Bringing young people’s voices into the climate change conversation has garnered a Bay Area Metro Award for U.C. Berkeley’s Center for Cities + Schools and its Y–PLAN program.
Y-PLAN — which stands for Youth, Plan, Learn, Act, Now — offers a framework to meaningfully engage students to conduct ecological, social and political research about the impact of climate change, sea level rise, and healthy, vibrant communities. The Center for Cities + Schools took its Y-PLAN framework and partnered with Resilient by Design, a year-long effort to bring together local residents, public officials and local, national and international experts to develop community-based solutions to climate change.
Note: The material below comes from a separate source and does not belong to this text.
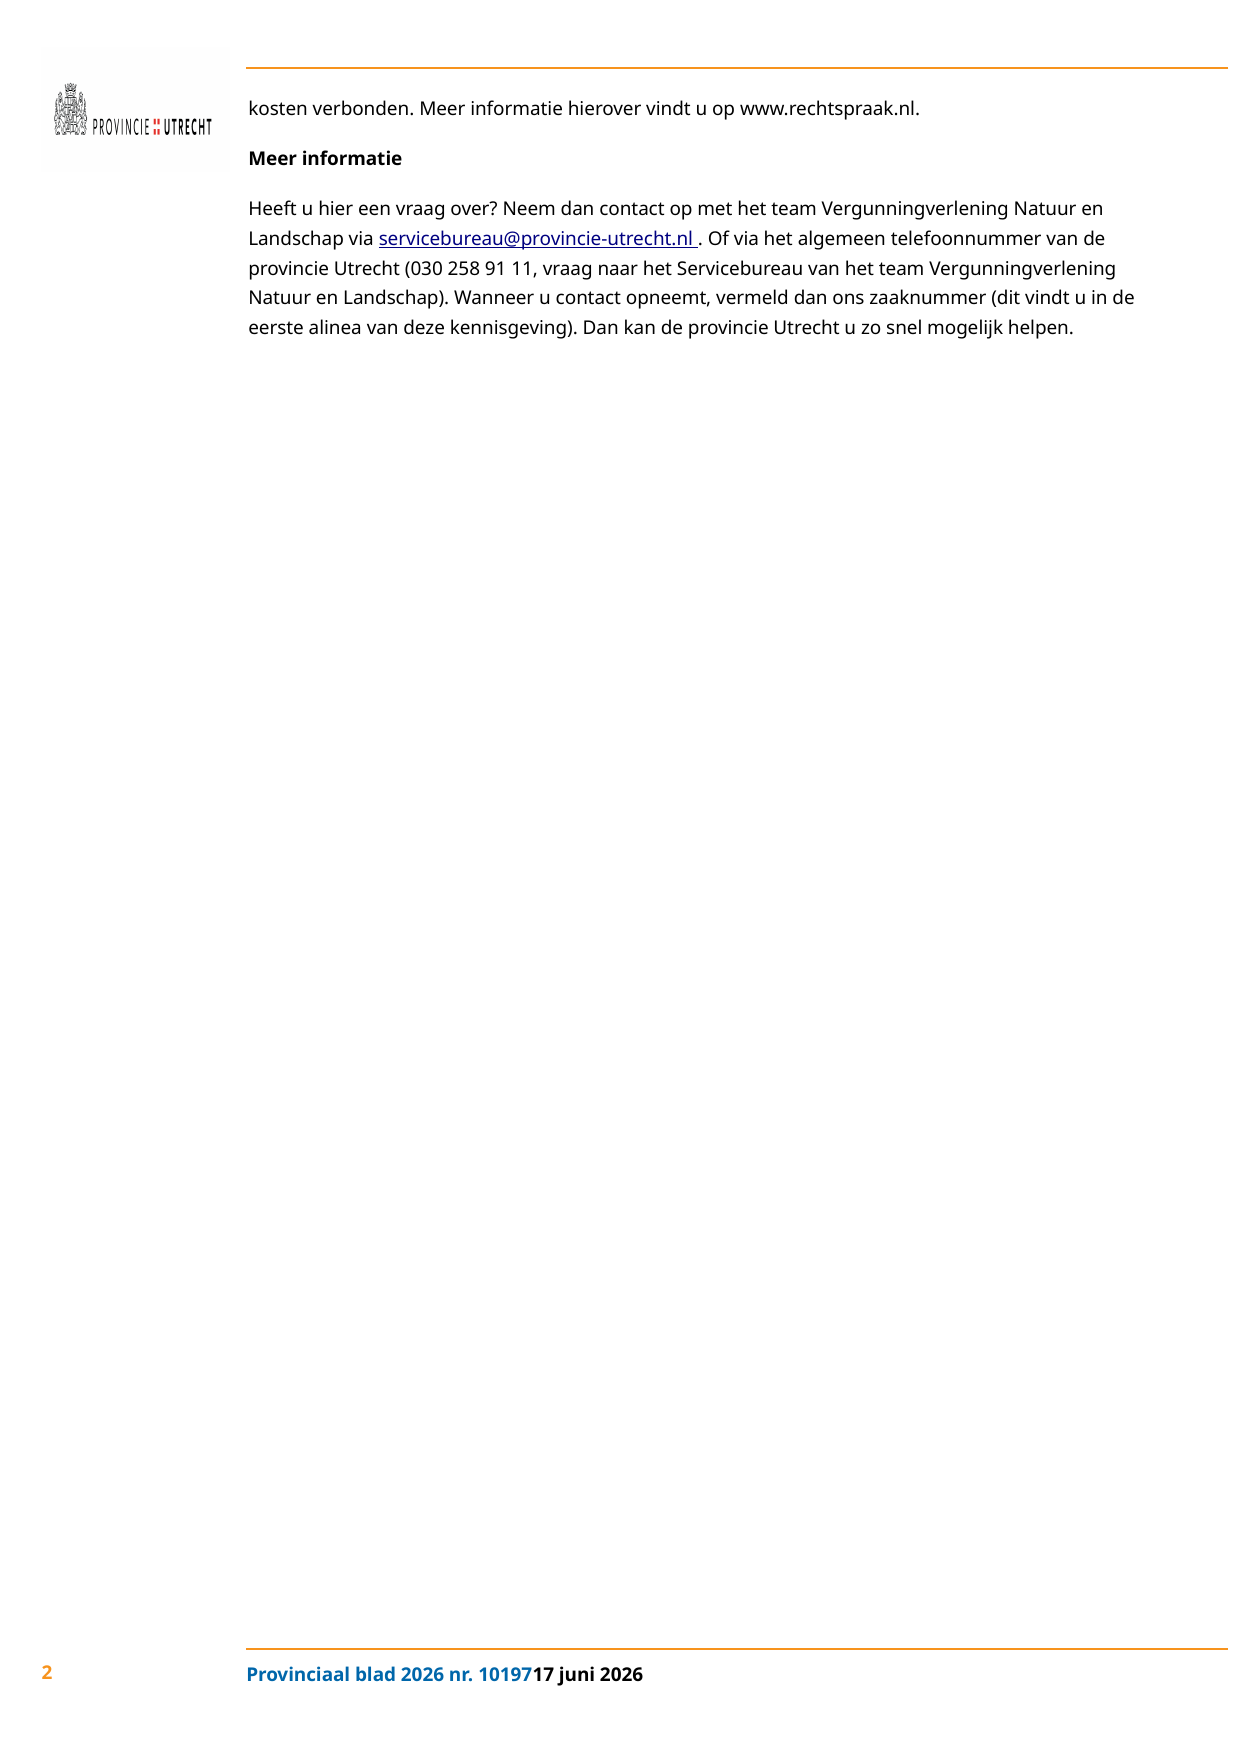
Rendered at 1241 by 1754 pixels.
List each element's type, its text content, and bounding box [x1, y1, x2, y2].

Throughout the 2017-2018 school year, Y-PLAN supported nearly 800 students in 32 classrooms in 13 elementary and high schools across five cities -- Richmond, Oakland, San Francisco, East Palo Alto and San Rafael. Students developed more than 70 proposals that addressed sea level rise, housing displacement, food security, active transportation and college access. Their ideas included using physical education classes to generate power for schools; floating housing and solar panels; and turning parking spots into ‘parklets’ to encourage alternative forms of transportation.
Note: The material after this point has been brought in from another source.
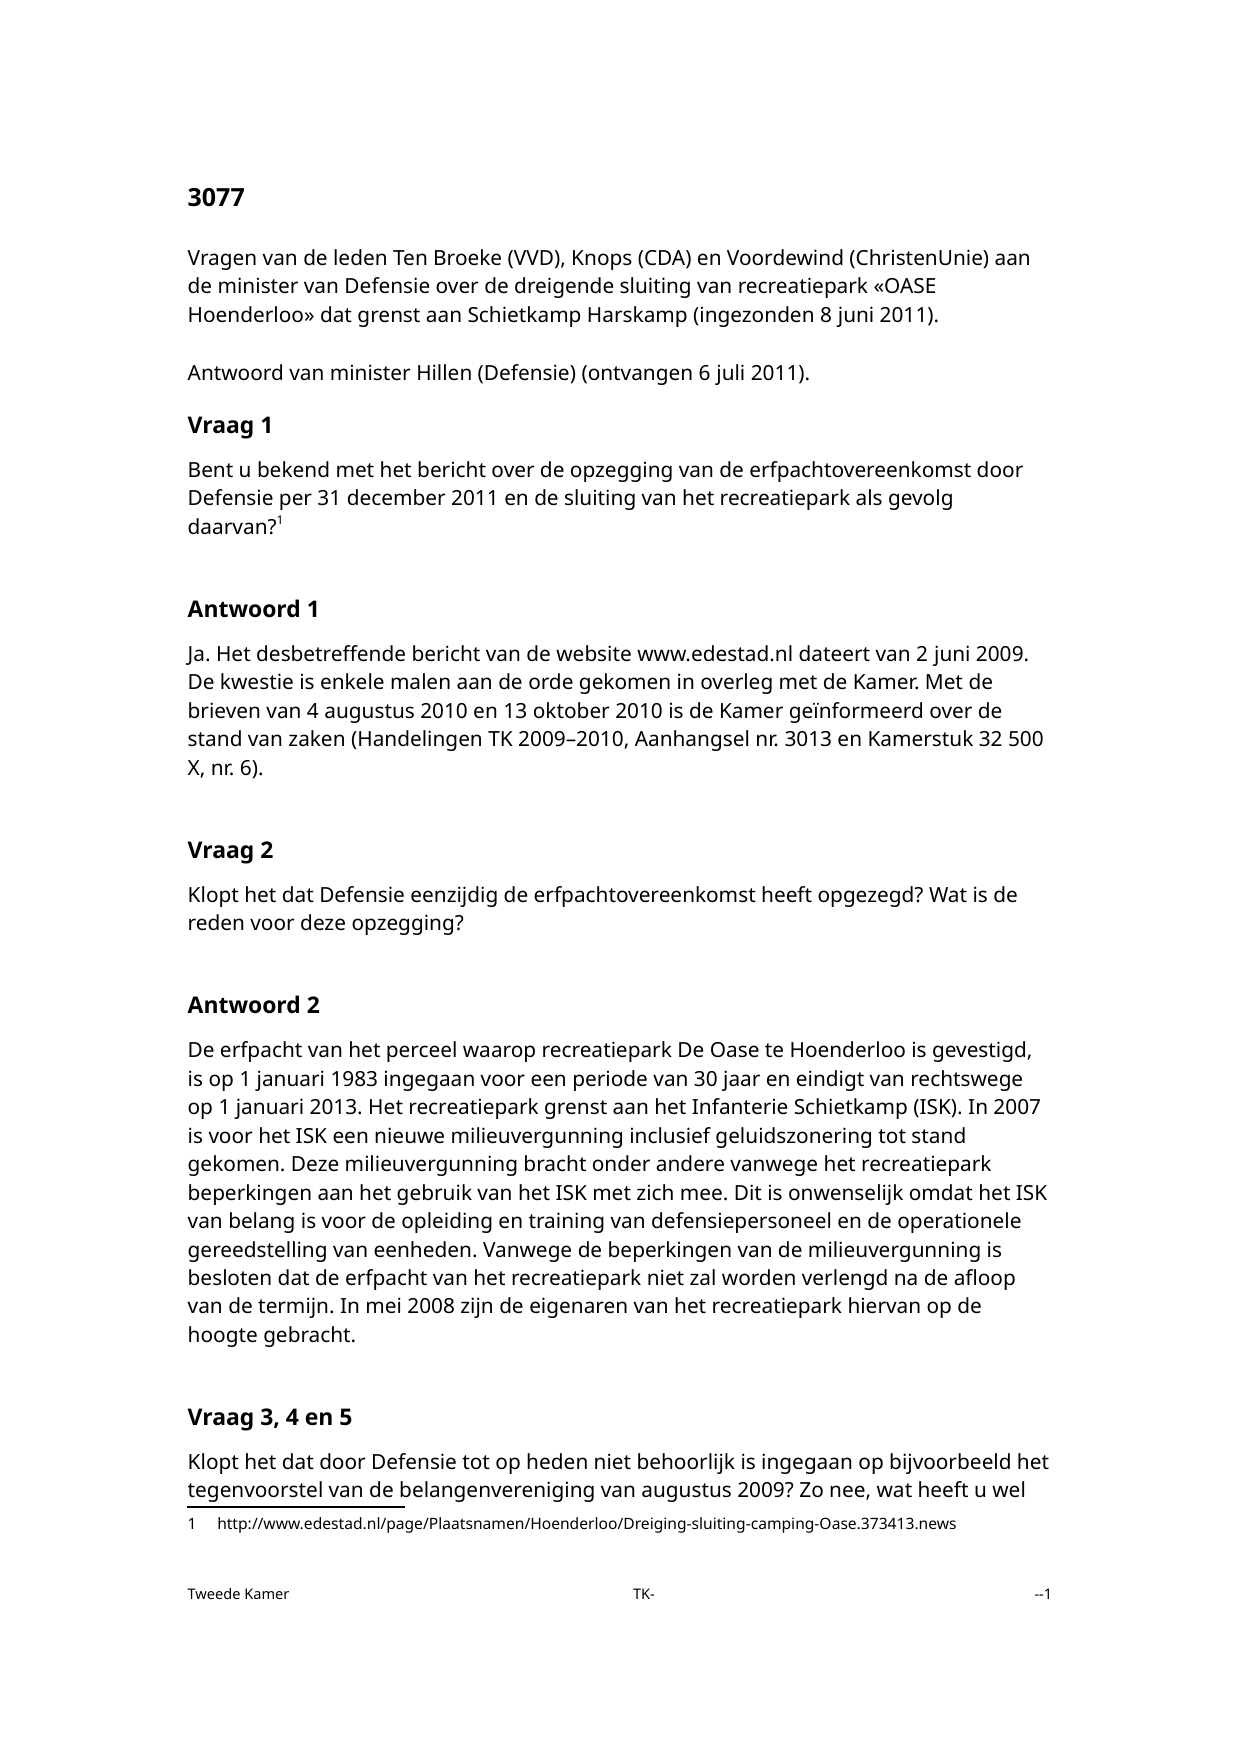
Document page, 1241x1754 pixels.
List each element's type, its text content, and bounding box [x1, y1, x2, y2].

“Young people bring a different voice to the equation. We also work in urban public schools so the overwhelming majority of our students are low-income students of color. So we’re not only bridging gaps of age, but we’re also bridging gaps of race and income level and power dynamics,” noted Amanda Eppley, Assistant Director of the Center for Cities + Schools.
Elizabeth, a Y-PLAN scholar from East Palo Alto, remarked about the Y-PLAN program: “They’re asking us. I notice that students are waking up to we’re the ones who create change.”